◆ Source records ◆

- - - -

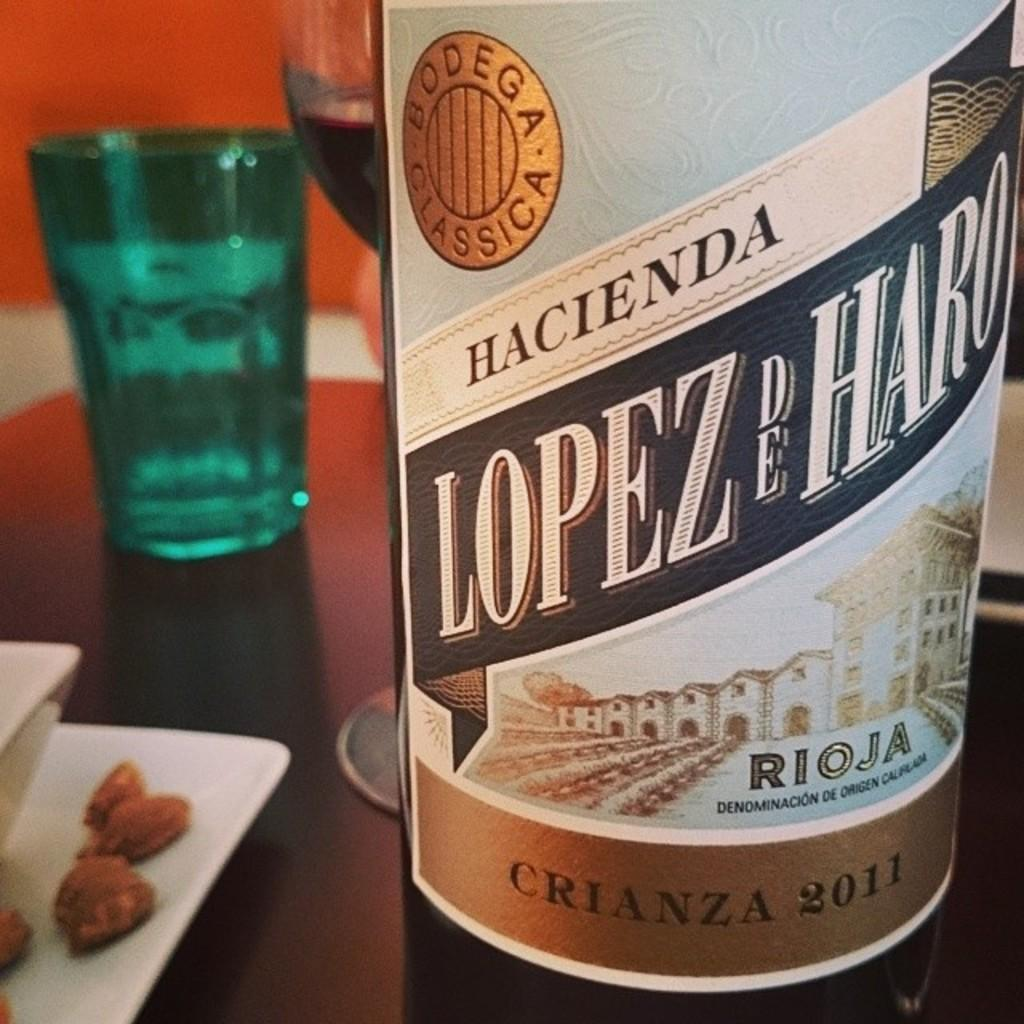<image>
Describe the image concisely. A bottle of Hacienda Lopez de Haro sits on a table. 
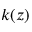Convert formula to latex. <formula><loc_0><loc_0><loc_500><loc_500>k ( z )</formula> 
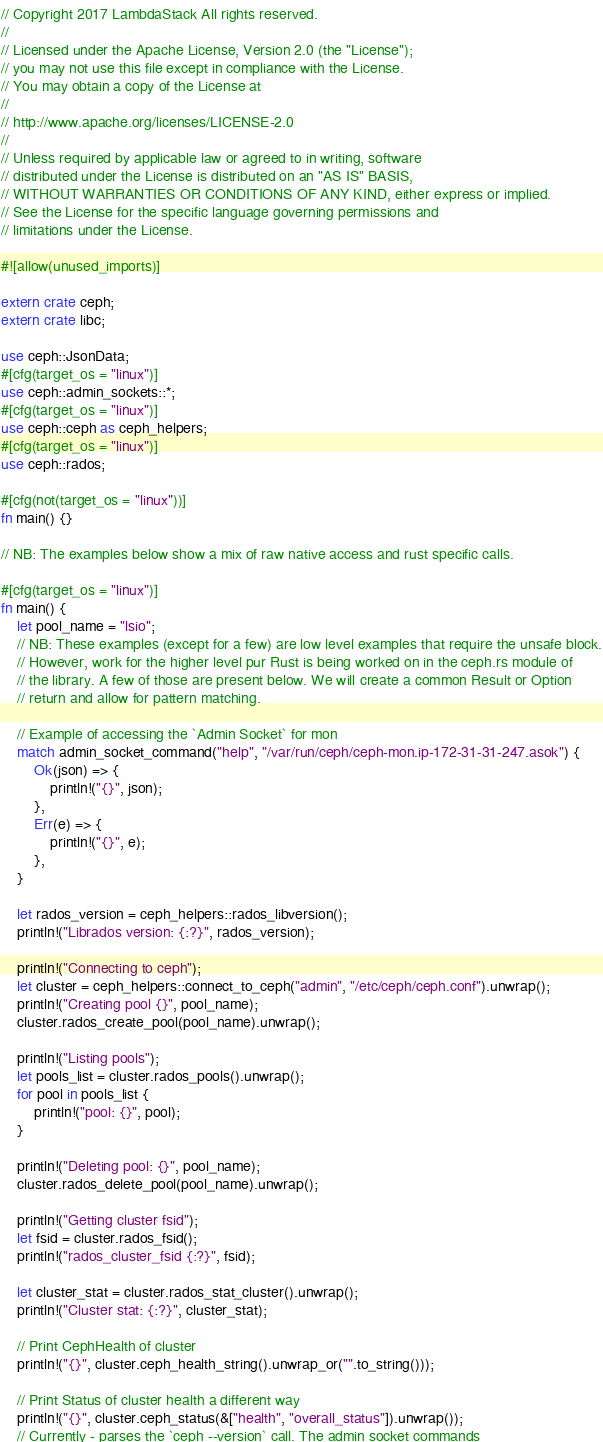<code> <loc_0><loc_0><loc_500><loc_500><_Rust_>// Copyright 2017 LambdaStack All rights reserved.
//
// Licensed under the Apache License, Version 2.0 (the "License");
// you may not use this file except in compliance with the License.
// You may obtain a copy of the License at
//
// http://www.apache.org/licenses/LICENSE-2.0
//
// Unless required by applicable law or agreed to in writing, software
// distributed under the License is distributed on an "AS IS" BASIS,
// WITHOUT WARRANTIES OR CONDITIONS OF ANY KIND, either express or implied.
// See the License for the specific language governing permissions and
// limitations under the License.

#![allow(unused_imports)]

extern crate ceph;
extern crate libc;

use ceph::JsonData;
#[cfg(target_os = "linux")]
use ceph::admin_sockets::*;
#[cfg(target_os = "linux")]
use ceph::ceph as ceph_helpers;
#[cfg(target_os = "linux")]
use ceph::rados;

#[cfg(not(target_os = "linux"))]
fn main() {}

// NB: The examples below show a mix of raw native access and rust specific calls.

#[cfg(target_os = "linux")]
fn main() {
    let pool_name = "lsio";
    // NB: These examples (except for a few) are low level examples that require the unsafe block.
    // However, work for the higher level pur Rust is being worked on in the ceph.rs module of
    // the library. A few of those are present below. We will create a common Result or Option
    // return and allow for pattern matching.

    // Example of accessing the `Admin Socket` for mon
    match admin_socket_command("help", "/var/run/ceph/ceph-mon.ip-172-31-31-247.asok") {
        Ok(json) => {
            println!("{}", json);
        },
        Err(e) => {
            println!("{}", e);
        },
    }

    let rados_version = ceph_helpers::rados_libversion();
    println!("Librados version: {:?}", rados_version);

    println!("Connecting to ceph");
    let cluster = ceph_helpers::connect_to_ceph("admin", "/etc/ceph/ceph.conf").unwrap();
    println!("Creating pool {}", pool_name);
    cluster.rados_create_pool(pool_name).unwrap();

    println!("Listing pools");
    let pools_list = cluster.rados_pools().unwrap();
    for pool in pools_list {
        println!("pool: {}", pool);
    }

    println!("Deleting pool: {}", pool_name);
    cluster.rados_delete_pool(pool_name).unwrap();

    println!("Getting cluster fsid");
    let fsid = cluster.rados_fsid();
    println!("rados_cluster_fsid {:?}", fsid);

    let cluster_stat = cluster.rados_stat_cluster().unwrap();
    println!("Cluster stat: {:?}", cluster_stat);

    // Print CephHealth of cluster
    println!("{}", cluster.ceph_health_string().unwrap_or("".to_string()));

    // Print Status of cluster health a different way
    println!("{}", cluster.ceph_status(&["health", "overall_status"]).unwrap());
    // Currently - parses the `ceph --version` call. The admin socket commands</code> 
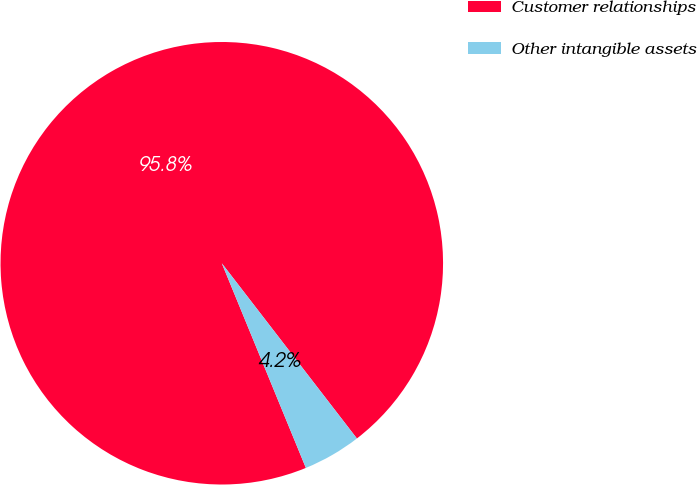Convert chart. <chart><loc_0><loc_0><loc_500><loc_500><pie_chart><fcel>Customer relationships<fcel>Other intangible assets<nl><fcel>95.75%<fcel>4.25%<nl></chart> 
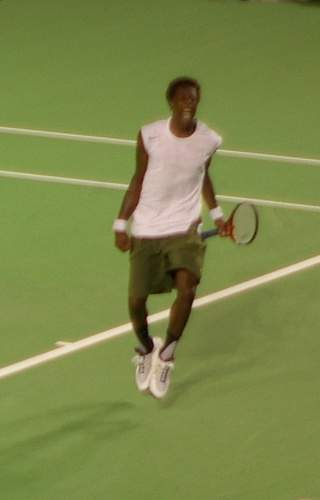Describe the objects in this image and their specific colors. I can see people in darkgreen, darkgray, maroon, black, and olive tones and tennis racket in darkgreen, olive, and maroon tones in this image. 
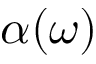Convert formula to latex. <formula><loc_0><loc_0><loc_500><loc_500>\alpha ( \omega )</formula> 
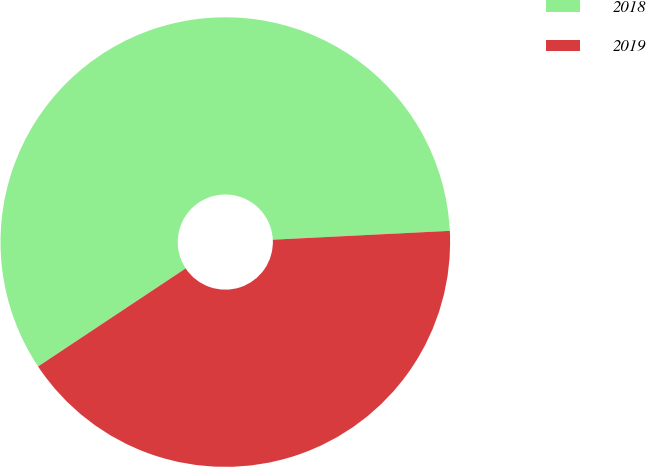Convert chart to OTSL. <chart><loc_0><loc_0><loc_500><loc_500><pie_chart><fcel>2018<fcel>2019<nl><fcel>58.54%<fcel>41.46%<nl></chart> 
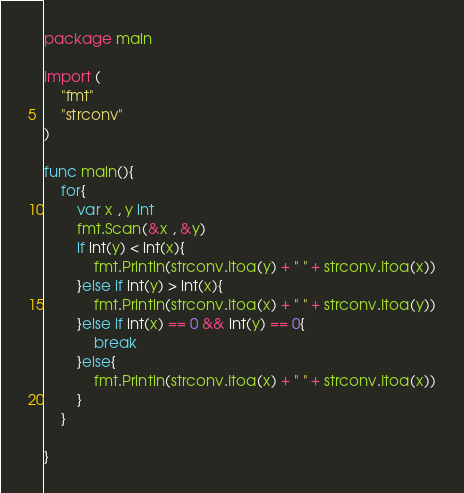Convert code to text. <code><loc_0><loc_0><loc_500><loc_500><_Go_>package main

import (
	"fmt"
	"strconv"
)

func main(){
	for{
		var x , y int
		fmt.Scan(&x , &y)
		if int(y) < int(x){
			fmt.Println(strconv.Itoa(y) + " " + strconv.Itoa(x))
		}else if int(y) > int(x){
			fmt.Println(strconv.Itoa(x) + " " + strconv.Itoa(y))
		}else if int(x) == 0 && int(y) == 0{
			break
		}else{
			fmt.Println(strconv.Itoa(x) + " " + strconv.Itoa(x))
		}
	}

}
</code>

- - - -

◆ PROBLEM DETAILS ◆
When a line of the records holds the word "examples", copy that line.

◆ SOLUTION FOR THIS EXERCISE ◆
// NB: The examples below show a mix of raw native access and rust specific calls.
    // NB: These examples (except for a few) are low level examples that require the unsafe block.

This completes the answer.